Material for the task START

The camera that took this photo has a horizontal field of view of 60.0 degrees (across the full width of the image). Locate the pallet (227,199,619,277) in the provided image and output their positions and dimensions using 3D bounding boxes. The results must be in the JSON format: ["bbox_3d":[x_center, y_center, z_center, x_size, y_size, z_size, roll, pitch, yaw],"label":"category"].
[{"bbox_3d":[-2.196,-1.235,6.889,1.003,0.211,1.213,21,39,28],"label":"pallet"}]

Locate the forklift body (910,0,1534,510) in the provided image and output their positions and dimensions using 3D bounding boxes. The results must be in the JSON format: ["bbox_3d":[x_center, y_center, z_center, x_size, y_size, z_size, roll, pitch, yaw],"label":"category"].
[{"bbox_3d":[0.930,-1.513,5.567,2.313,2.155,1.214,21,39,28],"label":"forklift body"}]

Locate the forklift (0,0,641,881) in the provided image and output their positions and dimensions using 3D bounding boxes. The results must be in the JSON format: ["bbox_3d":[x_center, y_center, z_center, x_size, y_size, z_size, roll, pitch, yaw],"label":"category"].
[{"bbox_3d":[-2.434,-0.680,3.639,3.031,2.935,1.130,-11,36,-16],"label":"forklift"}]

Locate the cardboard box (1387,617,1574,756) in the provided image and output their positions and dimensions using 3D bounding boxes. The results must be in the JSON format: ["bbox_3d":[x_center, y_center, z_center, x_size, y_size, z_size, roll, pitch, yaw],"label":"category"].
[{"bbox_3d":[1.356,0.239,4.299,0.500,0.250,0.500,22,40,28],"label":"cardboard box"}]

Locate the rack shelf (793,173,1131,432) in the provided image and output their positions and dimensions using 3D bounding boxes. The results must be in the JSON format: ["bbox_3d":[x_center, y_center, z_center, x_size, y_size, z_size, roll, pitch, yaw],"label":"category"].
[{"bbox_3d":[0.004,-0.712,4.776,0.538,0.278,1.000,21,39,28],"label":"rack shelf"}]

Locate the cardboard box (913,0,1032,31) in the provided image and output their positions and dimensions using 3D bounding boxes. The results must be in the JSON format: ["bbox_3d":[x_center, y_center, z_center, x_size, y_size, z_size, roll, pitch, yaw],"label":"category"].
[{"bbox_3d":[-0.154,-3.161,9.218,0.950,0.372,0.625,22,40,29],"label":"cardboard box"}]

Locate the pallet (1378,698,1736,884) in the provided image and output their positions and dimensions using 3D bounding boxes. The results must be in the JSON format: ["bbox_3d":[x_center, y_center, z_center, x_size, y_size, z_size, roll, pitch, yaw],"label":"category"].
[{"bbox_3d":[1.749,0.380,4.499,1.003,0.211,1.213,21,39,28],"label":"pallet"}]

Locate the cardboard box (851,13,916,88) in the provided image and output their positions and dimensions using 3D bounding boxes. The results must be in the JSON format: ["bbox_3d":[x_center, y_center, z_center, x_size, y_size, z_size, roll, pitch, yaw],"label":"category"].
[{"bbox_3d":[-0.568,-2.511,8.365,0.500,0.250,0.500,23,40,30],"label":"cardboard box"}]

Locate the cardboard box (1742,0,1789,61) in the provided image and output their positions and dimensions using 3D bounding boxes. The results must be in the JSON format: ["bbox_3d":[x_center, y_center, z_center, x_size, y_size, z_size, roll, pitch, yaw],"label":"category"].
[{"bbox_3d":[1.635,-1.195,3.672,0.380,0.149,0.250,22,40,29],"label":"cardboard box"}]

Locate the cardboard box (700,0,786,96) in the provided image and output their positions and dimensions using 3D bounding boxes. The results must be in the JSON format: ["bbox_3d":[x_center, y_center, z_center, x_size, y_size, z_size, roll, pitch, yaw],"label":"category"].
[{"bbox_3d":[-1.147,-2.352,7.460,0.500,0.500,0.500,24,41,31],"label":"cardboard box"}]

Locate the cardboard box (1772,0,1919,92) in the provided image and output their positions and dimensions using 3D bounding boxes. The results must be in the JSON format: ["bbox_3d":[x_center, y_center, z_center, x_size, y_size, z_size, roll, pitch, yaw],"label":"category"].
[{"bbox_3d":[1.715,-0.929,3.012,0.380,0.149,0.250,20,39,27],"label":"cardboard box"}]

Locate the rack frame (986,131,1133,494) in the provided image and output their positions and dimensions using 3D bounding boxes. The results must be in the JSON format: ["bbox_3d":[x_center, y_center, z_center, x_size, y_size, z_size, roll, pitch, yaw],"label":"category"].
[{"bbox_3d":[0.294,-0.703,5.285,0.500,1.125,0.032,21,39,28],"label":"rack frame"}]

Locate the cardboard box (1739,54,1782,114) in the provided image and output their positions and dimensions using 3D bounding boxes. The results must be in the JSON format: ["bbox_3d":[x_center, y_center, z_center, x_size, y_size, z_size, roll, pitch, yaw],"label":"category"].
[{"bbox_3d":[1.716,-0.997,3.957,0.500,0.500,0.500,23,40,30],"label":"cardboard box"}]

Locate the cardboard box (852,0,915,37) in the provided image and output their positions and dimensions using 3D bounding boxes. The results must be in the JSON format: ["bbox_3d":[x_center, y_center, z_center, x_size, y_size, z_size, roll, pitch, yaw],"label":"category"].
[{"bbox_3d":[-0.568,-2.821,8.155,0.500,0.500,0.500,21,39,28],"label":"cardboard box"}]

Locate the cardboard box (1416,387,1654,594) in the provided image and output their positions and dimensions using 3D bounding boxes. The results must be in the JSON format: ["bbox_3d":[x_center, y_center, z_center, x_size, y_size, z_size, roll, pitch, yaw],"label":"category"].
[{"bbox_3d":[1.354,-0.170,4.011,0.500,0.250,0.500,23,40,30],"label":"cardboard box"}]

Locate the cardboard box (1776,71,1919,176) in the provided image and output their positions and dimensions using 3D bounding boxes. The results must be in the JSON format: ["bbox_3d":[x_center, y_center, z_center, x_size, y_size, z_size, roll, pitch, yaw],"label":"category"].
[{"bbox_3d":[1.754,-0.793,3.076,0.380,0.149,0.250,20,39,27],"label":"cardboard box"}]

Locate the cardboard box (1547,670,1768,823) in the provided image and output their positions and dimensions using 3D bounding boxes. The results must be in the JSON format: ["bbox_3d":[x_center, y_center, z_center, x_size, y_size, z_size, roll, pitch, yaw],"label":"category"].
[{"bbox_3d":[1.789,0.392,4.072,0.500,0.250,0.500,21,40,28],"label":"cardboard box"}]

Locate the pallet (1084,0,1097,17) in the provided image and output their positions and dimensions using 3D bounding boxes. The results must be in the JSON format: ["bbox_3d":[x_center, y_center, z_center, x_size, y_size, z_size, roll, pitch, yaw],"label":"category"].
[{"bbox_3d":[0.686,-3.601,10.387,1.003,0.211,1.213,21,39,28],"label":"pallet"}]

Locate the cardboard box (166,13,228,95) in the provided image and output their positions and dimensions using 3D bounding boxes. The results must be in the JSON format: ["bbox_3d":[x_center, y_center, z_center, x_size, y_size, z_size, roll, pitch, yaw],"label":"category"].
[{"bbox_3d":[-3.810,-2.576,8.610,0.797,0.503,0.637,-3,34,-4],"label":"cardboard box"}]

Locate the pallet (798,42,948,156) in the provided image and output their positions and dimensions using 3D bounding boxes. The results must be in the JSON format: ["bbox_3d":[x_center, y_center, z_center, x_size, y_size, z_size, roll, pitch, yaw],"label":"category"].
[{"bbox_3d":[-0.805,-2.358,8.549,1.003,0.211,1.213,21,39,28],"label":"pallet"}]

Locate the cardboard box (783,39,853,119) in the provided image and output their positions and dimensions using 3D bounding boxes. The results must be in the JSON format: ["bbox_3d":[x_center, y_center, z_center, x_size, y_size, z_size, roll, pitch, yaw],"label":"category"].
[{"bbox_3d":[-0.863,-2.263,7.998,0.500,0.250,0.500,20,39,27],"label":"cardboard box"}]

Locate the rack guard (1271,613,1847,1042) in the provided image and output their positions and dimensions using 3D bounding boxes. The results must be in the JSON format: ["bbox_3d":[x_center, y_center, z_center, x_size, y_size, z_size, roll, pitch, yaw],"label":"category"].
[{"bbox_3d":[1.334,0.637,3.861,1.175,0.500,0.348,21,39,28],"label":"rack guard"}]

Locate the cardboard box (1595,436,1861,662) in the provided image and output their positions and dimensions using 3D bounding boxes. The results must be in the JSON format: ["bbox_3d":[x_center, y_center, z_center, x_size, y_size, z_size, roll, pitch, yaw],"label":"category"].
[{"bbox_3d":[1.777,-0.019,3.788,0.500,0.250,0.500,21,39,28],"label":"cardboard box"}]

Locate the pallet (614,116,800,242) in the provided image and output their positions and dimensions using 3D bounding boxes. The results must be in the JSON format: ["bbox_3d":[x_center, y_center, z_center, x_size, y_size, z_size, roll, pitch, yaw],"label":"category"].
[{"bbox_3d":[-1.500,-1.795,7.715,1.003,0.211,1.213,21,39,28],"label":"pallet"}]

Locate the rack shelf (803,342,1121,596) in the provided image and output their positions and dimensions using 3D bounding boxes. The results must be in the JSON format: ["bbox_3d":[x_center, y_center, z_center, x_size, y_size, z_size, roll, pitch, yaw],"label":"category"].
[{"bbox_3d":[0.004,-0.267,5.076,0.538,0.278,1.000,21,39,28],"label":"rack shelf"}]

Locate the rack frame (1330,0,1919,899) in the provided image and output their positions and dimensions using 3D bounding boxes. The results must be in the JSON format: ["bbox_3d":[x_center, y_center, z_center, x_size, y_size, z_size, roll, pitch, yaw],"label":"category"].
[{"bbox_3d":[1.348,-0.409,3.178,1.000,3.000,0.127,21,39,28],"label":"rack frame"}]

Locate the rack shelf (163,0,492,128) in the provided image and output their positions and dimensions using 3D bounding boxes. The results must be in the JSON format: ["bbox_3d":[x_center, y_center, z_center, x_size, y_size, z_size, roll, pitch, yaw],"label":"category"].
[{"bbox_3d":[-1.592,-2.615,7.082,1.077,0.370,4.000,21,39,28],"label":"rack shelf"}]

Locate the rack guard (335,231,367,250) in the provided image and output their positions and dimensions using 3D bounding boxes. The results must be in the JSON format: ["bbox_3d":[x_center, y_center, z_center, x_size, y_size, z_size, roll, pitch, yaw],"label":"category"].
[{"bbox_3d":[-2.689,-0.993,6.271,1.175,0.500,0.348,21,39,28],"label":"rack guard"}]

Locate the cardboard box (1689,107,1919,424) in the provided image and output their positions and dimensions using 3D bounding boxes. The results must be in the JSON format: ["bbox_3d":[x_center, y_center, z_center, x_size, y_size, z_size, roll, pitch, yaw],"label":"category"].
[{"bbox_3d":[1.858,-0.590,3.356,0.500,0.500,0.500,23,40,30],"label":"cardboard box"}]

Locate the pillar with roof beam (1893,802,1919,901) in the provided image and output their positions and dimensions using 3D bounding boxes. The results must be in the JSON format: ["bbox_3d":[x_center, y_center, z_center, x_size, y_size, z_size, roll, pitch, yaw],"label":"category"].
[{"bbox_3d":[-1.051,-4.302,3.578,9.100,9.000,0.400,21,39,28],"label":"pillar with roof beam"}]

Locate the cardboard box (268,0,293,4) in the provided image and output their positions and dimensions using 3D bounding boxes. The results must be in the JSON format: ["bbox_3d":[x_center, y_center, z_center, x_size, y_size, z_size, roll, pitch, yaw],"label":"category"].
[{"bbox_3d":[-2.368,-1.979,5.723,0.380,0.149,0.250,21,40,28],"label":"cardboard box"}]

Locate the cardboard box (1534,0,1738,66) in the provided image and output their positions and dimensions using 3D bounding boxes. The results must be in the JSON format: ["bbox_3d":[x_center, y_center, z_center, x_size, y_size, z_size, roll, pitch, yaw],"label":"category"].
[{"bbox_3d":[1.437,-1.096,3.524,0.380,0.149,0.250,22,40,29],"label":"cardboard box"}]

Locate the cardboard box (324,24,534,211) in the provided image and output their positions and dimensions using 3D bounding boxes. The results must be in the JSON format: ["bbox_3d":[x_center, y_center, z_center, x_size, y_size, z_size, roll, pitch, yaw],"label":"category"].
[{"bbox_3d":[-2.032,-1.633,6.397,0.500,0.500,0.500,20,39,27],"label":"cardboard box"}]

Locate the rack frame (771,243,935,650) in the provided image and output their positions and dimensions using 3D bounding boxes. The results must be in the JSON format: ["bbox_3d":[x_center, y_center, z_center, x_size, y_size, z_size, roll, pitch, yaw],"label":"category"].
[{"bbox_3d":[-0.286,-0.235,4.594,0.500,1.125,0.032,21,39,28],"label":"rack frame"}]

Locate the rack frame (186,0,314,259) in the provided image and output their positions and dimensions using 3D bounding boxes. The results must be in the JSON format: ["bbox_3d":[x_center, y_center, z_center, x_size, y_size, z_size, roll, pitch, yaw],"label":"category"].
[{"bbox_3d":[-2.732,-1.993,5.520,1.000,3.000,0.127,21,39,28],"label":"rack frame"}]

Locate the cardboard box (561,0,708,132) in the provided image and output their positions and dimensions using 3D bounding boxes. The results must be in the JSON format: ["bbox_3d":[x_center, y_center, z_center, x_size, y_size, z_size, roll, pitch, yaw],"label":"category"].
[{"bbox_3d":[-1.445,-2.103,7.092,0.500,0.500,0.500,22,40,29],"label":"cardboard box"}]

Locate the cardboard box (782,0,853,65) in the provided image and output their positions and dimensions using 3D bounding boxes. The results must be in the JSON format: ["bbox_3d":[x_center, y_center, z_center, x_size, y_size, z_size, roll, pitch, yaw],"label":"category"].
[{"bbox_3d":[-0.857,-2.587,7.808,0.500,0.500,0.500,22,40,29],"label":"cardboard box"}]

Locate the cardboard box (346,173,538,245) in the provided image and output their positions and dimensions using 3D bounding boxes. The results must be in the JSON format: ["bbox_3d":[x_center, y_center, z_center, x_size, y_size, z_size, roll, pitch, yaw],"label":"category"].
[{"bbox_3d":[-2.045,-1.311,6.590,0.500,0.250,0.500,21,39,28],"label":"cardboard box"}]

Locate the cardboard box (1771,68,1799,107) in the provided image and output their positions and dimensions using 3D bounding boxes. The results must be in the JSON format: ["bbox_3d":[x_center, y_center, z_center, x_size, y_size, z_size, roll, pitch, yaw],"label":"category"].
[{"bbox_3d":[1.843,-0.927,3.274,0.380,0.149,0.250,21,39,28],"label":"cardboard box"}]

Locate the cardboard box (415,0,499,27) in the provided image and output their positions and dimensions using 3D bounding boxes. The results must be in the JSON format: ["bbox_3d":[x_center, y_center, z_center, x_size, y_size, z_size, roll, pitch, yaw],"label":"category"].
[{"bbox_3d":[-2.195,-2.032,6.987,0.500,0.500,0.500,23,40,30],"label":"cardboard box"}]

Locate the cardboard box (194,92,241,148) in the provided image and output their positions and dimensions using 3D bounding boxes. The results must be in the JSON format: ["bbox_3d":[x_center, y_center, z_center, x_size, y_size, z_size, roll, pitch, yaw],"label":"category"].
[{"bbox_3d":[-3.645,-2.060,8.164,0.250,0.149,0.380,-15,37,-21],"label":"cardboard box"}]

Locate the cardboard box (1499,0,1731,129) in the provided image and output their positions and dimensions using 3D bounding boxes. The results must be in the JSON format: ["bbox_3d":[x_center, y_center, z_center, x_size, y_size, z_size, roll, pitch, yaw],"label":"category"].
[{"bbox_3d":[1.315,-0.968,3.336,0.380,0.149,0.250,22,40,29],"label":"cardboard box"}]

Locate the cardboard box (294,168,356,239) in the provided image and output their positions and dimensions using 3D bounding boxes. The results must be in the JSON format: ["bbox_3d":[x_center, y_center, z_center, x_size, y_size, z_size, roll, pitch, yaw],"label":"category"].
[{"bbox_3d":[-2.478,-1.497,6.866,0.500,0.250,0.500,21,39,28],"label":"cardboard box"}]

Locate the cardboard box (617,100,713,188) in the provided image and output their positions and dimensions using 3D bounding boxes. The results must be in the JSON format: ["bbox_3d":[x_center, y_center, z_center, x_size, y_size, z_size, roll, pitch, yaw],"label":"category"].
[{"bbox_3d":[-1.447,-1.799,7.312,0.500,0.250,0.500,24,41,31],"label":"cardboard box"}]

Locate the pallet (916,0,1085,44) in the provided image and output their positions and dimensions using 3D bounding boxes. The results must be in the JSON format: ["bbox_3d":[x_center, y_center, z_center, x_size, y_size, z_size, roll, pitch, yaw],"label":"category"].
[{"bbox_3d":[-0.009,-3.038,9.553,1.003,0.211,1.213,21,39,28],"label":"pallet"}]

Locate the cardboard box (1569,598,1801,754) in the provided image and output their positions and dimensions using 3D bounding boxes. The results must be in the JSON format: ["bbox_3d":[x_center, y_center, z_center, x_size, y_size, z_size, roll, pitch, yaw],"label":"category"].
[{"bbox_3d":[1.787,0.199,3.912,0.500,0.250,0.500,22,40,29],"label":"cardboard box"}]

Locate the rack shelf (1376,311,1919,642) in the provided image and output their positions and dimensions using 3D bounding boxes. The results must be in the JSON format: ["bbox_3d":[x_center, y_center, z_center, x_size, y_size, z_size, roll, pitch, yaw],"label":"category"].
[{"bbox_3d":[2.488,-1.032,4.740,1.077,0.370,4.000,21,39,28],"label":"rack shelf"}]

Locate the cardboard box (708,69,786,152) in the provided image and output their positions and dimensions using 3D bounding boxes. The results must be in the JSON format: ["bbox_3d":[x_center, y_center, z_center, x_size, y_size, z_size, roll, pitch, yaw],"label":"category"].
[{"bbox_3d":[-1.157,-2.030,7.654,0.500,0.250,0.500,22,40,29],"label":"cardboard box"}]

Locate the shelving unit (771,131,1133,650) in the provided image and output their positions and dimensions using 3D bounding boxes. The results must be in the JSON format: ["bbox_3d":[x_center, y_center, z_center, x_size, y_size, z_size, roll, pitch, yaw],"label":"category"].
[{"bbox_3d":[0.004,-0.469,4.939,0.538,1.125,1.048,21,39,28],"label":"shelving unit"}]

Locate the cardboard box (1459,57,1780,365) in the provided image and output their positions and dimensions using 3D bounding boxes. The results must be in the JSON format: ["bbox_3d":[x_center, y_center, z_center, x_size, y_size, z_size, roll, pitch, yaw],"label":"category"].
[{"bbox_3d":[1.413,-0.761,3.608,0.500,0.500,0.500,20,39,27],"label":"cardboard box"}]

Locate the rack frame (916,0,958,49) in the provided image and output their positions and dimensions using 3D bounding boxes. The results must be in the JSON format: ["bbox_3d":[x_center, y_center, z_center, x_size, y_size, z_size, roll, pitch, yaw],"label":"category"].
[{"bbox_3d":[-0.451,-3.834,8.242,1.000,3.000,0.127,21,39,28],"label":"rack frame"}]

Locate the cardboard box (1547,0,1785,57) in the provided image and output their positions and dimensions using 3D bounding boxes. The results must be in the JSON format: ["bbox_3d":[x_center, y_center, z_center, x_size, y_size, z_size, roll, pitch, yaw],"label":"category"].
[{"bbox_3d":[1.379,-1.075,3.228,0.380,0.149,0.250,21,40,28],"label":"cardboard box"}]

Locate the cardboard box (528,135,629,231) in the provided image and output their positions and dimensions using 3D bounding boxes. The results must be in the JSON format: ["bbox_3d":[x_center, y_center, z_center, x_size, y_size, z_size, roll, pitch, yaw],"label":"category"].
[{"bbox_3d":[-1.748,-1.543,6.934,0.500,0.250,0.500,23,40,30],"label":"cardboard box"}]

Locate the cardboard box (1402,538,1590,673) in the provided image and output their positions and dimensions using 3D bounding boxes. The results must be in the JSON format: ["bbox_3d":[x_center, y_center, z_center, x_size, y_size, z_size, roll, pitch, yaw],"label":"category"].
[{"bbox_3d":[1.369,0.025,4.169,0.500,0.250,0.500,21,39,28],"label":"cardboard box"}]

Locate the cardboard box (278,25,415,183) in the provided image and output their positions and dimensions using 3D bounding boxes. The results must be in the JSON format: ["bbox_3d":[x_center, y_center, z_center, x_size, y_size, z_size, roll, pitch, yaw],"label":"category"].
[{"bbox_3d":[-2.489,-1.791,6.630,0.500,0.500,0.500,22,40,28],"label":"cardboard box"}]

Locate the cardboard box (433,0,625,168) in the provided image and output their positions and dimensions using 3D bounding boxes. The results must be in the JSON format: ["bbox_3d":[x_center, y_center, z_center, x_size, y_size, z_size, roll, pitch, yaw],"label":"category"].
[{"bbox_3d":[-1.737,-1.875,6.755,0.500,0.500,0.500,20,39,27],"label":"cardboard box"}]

Material for the task END

The line containing "Locate the cardboard box (433,0,625,168)" and all lines after it, through the last line of the data, should be retyped exactly.

Locate the cardboard box (433,0,625,168) in the provided image and output their positions and dimensions using 3D bounding boxes. The results must be in the JSON format: ["bbox_3d":[x_center, y_center, z_center, x_size, y_size, z_size, roll, pitch, yaw],"label":"category"].
[{"bbox_3d":[-1.737,-1.875,6.755,0.500,0.500,0.500,20,39,27],"label":"cardboard box"}]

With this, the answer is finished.